Trying to plot this would still be too busy, so I decided to trim it down some more. Some experimentation showed that restricting the data to relationships with more than 500 entries gives us only 43 nodes, which is small enough that it should work okay.

> major_contributors = etymology_count.loc[etymology_count["Count"] > 500,:].copy()
> len(set(major_contributors["OriginLang"]).union(set(major_contributors["ChildLang"])))
43

## Making the Graph

Since the data we’re trying to plot is represented as a series of one-way relationships with some size of interest, we want a weighted directed graph to contain it. Fortunately, the networkx package can read in a graph directly from a pandas dataframe, so no more transformation is needed.

import networkx as nx
from matplotlib.collections import PatchCollection
import matplotlib.pyplot as plt
plt.rcParams["figure.figsize"] = [9,7]

word_graph = nx.from_pandas_edgelist(major_contributors,
source="OriginLang",
target="ChildLang",
edge_attr="Count",
create_using=nx.DiGraph)

Then comes drawing the graph. I based the function largely off of an example from the networkx documentation. (Note that I experimented for a while to find a good layout for the nodes in the plot; while kamada_kawai_layout isn’t great for the full graph, it seemed better than the other ones that I tried.)

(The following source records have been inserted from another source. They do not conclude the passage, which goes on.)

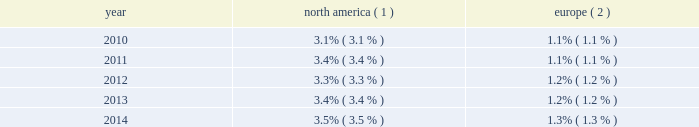Royal caribbean cruises ltd .
15 from two to 17 nights throughout south america , the caribbean and europe .
Additionally , we announced that majesty of the seas will be redeployed from royal caribbean international to pullmantur in 2016 .
Pullmantur serves the contemporary segment of the spanish , portuguese and latin american cruise mar- kets .
Pullmantur 2019s strategy is to attract cruise guests from these target markets by providing a variety of cruising options and onboard activities directed at couples and families traveling with children .
Over the last few years , pullmantur has systematically increased its focus on latin america and has expanded its pres- ence in that market .
In order to facilitate pullmantur 2019s ability to focus on its core cruise business , on march 31 , 2014 , pullmantur sold the majority of its interest in its non-core busi- nesses .
These non-core businesses included pullmantur 2019s land-based tour operations , travel agency and 49% ( 49 % ) interest in its air business .
In connection with the sale agreement , we retained a 19% ( 19 % ) interest in each of the non-core businesses as well as 100% ( 100 % ) ownership of the aircraft which are being dry leased to pullmantur air .
See note 1 .
General and note 6 .
Other assets to our consolidated financial statements under item 8 .
Financial statements and supplementary data for further details .
Cdf croisi e8res de france we currently operate two ships with an aggregate capacity of approximately 2800 berths under our cdf croisi e8res de france brand .
Cdf croisi e8res de france offers seasonal itineraries to the mediterranean , europe and caribbean .
During the winter season , zenith is deployed to the pullmantur brand for sailings in south america .
Cdf croisi e8res de france is designed to serve the contemporary segment of the french cruise market by providing a brand tailored for french cruise guests .
Tui cruises tui cruises is a joint venture owned 50% ( 50 % ) by us and 50% ( 50 % ) by tui ag , a german tourism and shipping com- pany , and is designed to serve the contemporary and premium segments of the german cruise market by offering a product tailored for german guests .
All onboard activities , services , shore excursions and menu offerings are designed to suit the preferences of this target market .
Tui cruises operates three ships , mein schiff 1 , mein schiff 2 and mein schiff 3 , with an aggregate capacity of approximately 6300 berths .
In addition , tui cruises currently has three newbuild ships on order at the finnish meyer turku yard with an aggregate capacity of approximately 7500 berths : mein schiff 4 , scheduled for delivery in the second quarter of 2015 , mein schiff 5 , scheduled for delivery in the third quarter of 2016 and mein schiff 6 , scheduled for delivery in the second quarter of 2017 .
In november 2014 , we formed a strategic partnership with ctrip.com international ltd .
( 201cctrip 201d ) , a chinese travel service provider , to operate a new cruise brand known as skysea cruises .
Skysea cruises will offer a custom-tailored product for chinese cruise guests operating the ship purchased from celebrity cruises .
The new cruise line will begin service in the second quarter of 2015 .
We and ctrip each own 35% ( 35 % ) of the new company , skysea holding , with the balance being owned by skysea holding management and a private equity fund .
Industry cruising is considered a well-established vacation sector in the north american market , a growing sec- tor over the long term in the european market and a developing but promising sector in several other emerging markets .
Industry data indicates that market penetration rates are still low and that a significant portion of cruise guests carried are first-time cruisers .
We believe this presents an opportunity for long-term growth and a potential for increased profitability .
The table details market penetration rates for north america and europe computed based on the number of annual cruise guests as a percentage of the total population : america ( 1 ) europe ( 2 ) .
( 1 ) source : our estimates are based on a combination of data obtained from publicly available sources including the interna- tional monetary fund and cruise lines international association ( 201cclia 201d ) .
Rates are based on cruise guests carried for at least two consecutive nights .
Includes the united states of america and canada .
( 2 ) source : our estimates are based on a combination of data obtained from publicly available sources including the interna- tional monetary fund and clia europe , formerly european cruise council .
We estimate that the global cruise fleet was served by approximately 457000 berths on approximately 283 ships at the end of 2014 .
There are approximately 33 ships with an estimated 98650 berths that are expected to be placed in service in the global cruise market between 2015 and 2019 , although it is also possible that ships could be ordered or taken out of service during these periods .
We estimate that the global cruise industry carried 22.0 million cruise guests in 2014 compared to 21.3 million cruise guests carried in 2013 and 20.9 million cruise guests carried in 2012 .
Part i .
What is the estimated percentage increase , from 2012 to 2014 , in total global cruise guests? 
Computations: (((22.0 - 20.9) / 20.9) * 100)
Answer: 5.26316.

> def draw_word_graph(word_graph):
>     """
>     Draws a graph of the relationships between words in a graph.  Uses
>     kamada_kawai_layout as, while no layouts were particularly good, this one
>     was the best of the lot.
>     """
>     edge_colors = [v for k,v in nx.get_edge_attributes(word_graph, "Count").items()]
>
>     # if you want the nodes drawn, use nx.draw_networkx_nodes; I was fine
>     # with just the language codes in this case
>     edges = nx.draw_networkx_edges(word_graph, pos=positions,
>                                    edge_color=edge_colors,
>                                    edge_cmap=plt.cm.magma)
>     labels = nx.draw_networkx_labels(word_graph, pos=positions)
>
>     # this code block only contributes a legend bar on the left; leave it out
>     # if you don't want that
>     pc = PatchCollection(edges, cmap=plt.cm.magma)
>     pc.set_array(edge_colors)
>     plt.colorbar(pc)
>
>     ax = plt.gca()
>     ax.set_axis_off()
>     plt.show()
>
> draw_word_graph(word_graph)

It’s a bit cluttered, but some things that can be seen in the above graph are:

• lat (Latin) is the parent of words in quite a few different languages. It doesn’t have any direct link to eng (modern English), though.
• ron (Romanian) only seems to have strong heritage from lat and fra (French).
• non (Old Norse) has a lot of words which turn up in modern-day neighbors nob (Bokmål, one of the written standards for modern Norwegian), swe (Swedish), and dan (Danish).
• Other langauges without ancestors in this data include msa (Malay), goh (Old High German), dum (Middle Dutch), and san (Sanskrit).

Out of curiosity, let’s zoom in a bit on English’s ancestors. Conveniently, networkx does have a function for getting all ancestors of a node in a directed graph, so that’s easy to accomplish.

> # .predecessors() gets ONLY the predecessors, so "eng" has to be manually
> # added to the node set
> english_ancestors = word_graph.predecessors("eng")
> english_graph = word_graph.subgraph(list(english_ancestors) + ["eng"])
> draw_word_graph(english_graph)

The most prominent direct ancestor of modern English is, perhaps predictably, Middle English (enm), though we also have plenty of words with Ancient Greek (grc), Old French (fro), modern French, and Old English (ang) heritage.